Routes effondrées, maisons fracassées… Les dégâts de la tempête Alex sont lourds. Le conseil départemental a estimé qu’il faudrait plus d’un milliard d’euros pour tout reconstruire. Et 210 millions d’euros pour réparer les biens assurés, selon la Fédération française de l’assurance. Des fonds d’urgence ont été débloqués jusqu’à l’échelle européenne pour aider les vallées. Depuis six mois, les collectivités sont à pied d’oeuvre pour rétablir les accès routiers. Les bénévoles aussi passent leur week-end à déblayer. Mais les compagnies d’assurances, elles, rechignent à indemniser les sinistrés.
« Elles se défaussent sur les pouvoirs publics »
« Je suis sollicité chaque jour par des administrés qui ne parviennent pas à obtenir de prise en charge, alerte Sébastien Olharan, le maire de Breil-sur-Roya, dans un communiqué. Leurs assureurs se défaussent sur les pouvoirs publics. »
Au téléphone, il précise : « Ils attendent que l’État statue sur l’avenir des biens situés en zone inondable. Mais ça ne les regarde pas ! Elles doivent indemniser les propriétaires sur la base d’une reconstruction à l’identique et verser une somme correspondant à la valeur du bien la veille de la catastrophe. Le fonds Barnier [fonds de prévention des risques naturels majeurs, NDLR] vient en complément de ce que versent les assurances. Il ne s’y substitue pas. »
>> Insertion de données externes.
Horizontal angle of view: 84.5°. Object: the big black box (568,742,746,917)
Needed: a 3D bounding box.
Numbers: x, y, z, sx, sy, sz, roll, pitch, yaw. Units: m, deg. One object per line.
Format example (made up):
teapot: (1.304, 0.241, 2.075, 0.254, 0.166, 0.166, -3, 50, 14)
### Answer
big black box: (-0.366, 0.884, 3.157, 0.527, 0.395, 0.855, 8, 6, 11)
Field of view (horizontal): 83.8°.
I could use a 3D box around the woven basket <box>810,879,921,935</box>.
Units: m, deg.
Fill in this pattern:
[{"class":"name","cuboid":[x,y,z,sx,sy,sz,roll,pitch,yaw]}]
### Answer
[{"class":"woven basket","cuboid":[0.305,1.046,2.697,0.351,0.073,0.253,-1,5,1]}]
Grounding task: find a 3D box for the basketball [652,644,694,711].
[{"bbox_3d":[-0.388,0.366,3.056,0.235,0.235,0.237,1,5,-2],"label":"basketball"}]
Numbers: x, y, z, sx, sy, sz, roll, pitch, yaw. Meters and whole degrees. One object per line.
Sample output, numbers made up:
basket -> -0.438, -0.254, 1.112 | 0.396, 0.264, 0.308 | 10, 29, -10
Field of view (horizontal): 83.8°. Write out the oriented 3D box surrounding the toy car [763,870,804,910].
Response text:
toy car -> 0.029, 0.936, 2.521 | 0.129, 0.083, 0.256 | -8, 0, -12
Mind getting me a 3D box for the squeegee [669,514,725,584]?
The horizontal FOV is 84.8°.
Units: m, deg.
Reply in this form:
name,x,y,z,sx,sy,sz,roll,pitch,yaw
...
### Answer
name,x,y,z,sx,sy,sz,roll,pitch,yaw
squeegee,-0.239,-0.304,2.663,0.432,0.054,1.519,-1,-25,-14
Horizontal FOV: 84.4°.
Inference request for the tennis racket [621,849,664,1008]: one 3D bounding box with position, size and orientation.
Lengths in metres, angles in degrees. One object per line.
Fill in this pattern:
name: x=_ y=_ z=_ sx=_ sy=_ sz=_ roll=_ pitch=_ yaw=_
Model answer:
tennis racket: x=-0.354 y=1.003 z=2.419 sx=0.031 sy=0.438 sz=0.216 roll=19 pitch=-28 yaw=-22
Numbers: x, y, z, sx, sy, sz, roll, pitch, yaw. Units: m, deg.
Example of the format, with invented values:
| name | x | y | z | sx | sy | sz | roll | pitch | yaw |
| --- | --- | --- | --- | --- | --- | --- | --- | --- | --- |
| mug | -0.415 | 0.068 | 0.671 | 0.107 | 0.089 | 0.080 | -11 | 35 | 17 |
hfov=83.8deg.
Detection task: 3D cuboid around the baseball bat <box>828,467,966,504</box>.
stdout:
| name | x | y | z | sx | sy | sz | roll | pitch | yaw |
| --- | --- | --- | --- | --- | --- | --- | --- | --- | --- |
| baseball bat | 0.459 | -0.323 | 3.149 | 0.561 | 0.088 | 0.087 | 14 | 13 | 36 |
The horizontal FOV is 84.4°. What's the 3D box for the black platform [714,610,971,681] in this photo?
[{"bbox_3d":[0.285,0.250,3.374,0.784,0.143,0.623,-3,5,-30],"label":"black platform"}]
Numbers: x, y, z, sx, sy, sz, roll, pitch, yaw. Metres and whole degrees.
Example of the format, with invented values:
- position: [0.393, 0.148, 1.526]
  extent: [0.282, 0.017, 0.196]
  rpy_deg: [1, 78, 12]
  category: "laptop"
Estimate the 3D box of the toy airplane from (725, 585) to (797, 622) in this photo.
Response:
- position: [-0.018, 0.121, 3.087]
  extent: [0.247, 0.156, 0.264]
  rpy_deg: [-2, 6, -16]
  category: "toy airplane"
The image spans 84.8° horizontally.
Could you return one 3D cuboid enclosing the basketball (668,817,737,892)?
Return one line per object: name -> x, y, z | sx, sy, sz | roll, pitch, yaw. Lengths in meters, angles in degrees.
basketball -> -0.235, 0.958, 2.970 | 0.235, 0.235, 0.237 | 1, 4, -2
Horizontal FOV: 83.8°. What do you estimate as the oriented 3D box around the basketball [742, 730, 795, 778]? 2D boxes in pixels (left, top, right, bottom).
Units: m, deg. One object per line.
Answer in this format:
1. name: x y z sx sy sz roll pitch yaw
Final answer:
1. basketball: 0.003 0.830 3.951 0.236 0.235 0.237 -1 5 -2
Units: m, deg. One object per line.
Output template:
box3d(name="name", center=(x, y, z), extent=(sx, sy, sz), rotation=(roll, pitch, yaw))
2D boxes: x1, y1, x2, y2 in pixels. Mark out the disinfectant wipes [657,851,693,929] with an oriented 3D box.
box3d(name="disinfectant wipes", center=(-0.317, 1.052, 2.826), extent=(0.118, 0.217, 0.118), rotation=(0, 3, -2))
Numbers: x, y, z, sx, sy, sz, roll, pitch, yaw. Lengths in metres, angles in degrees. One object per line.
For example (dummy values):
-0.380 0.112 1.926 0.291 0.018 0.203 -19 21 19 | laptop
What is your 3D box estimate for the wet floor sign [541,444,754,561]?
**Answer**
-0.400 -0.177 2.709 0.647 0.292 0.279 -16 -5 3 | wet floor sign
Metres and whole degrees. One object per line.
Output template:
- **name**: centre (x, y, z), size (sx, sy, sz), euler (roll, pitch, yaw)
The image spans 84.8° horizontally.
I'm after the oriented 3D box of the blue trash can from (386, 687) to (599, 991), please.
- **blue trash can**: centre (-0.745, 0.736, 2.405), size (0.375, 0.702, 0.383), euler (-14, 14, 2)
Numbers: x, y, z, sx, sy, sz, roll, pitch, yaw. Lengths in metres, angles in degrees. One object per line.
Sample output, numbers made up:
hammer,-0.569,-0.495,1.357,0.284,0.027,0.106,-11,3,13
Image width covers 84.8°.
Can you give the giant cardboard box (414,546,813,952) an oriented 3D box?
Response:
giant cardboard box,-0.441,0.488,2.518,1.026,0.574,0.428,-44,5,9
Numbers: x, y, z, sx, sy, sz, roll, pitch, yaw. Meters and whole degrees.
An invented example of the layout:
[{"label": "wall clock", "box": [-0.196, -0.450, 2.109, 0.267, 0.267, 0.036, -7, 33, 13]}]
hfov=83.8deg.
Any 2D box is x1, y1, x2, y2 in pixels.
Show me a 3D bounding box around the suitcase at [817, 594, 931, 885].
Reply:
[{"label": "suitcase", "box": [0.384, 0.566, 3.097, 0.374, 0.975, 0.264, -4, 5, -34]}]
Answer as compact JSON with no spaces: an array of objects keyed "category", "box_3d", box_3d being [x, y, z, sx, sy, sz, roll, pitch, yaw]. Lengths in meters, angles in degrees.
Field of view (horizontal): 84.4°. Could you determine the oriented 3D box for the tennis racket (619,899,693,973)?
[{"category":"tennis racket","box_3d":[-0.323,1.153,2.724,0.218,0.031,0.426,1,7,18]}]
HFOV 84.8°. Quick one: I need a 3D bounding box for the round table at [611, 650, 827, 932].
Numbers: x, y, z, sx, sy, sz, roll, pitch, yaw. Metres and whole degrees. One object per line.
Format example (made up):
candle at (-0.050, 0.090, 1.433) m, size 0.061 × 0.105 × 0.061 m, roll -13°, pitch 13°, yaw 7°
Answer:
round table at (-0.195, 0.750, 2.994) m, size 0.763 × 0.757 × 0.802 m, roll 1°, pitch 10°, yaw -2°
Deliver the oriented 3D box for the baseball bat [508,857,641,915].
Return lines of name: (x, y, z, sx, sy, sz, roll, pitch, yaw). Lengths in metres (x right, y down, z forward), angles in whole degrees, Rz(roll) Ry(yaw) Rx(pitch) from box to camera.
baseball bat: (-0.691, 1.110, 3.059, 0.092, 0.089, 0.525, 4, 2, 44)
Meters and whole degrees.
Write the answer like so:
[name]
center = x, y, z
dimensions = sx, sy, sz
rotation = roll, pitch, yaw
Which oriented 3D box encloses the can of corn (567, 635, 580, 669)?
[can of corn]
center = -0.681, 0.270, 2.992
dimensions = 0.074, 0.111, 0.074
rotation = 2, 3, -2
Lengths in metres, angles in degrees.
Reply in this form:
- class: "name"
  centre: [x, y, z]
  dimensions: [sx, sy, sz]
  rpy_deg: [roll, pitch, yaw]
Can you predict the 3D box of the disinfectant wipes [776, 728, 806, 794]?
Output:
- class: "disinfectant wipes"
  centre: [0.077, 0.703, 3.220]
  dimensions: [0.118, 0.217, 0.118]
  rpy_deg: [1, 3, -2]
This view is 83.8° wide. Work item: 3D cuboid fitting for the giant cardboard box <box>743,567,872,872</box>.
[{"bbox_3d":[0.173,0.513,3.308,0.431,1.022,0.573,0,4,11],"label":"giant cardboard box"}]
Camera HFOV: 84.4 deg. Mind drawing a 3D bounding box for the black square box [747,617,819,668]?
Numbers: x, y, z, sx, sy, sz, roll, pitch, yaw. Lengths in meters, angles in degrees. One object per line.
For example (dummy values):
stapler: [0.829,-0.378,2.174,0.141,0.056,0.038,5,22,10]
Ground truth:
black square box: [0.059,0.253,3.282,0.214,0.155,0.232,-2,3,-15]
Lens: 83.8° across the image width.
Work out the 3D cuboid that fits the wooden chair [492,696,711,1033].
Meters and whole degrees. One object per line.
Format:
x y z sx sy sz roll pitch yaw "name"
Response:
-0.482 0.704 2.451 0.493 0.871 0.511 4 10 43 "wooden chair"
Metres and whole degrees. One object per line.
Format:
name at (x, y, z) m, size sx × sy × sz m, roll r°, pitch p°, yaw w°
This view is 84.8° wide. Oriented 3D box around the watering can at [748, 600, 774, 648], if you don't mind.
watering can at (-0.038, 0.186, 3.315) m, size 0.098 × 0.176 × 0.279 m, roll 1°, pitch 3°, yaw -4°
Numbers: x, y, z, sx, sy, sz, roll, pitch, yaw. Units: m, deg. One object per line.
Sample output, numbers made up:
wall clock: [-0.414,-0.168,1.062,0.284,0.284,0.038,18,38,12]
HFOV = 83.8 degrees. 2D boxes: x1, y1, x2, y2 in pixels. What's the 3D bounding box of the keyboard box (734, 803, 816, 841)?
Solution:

À Saint-Martin-Vésubie, le premier adjoint en charge de l’urbanisme,
Alain Jardinet, partage le constat. « Quand une maison est totalement détruite, l’assurance indemnise le bâti et le fonds Barnier le terrain. Or, beaucoup de sinistrés attendent d’être fixés sur leur sort, avec la sortie du “porter à connaissance” [le document qui définit les nouvelles zones inondables]. Les autres sont dans l’attente du déblocage du fonds Barnier. »
« Les gens commencent à s’impatienter »
« Les gens nous pressent pour reconstruire vite, poursuit l’élu, car leur barème d’indemnisation est plus avantageux quand on reconstruit dans les deux ans. Le problème, c’est que nous n’avons pas beaucoup de terrains constructibles... On fait le maximum pour que le PLUm [plan local d’urbanisme métropolitain] soit révisé au plus vite. Mais au mieux, cela prendra dix-huit mois. ll y a des délais législatifs incompressibles. Même dans ce contexte. Or, on n’est pas en mode normal ; on est en mode catastrophe ! »
Et d’ajouter : « Les gens commencent à s’impatienter. C’est logique. » Une réunion publique devrait être organisée « dès que les conditions sanitaires le permettront ».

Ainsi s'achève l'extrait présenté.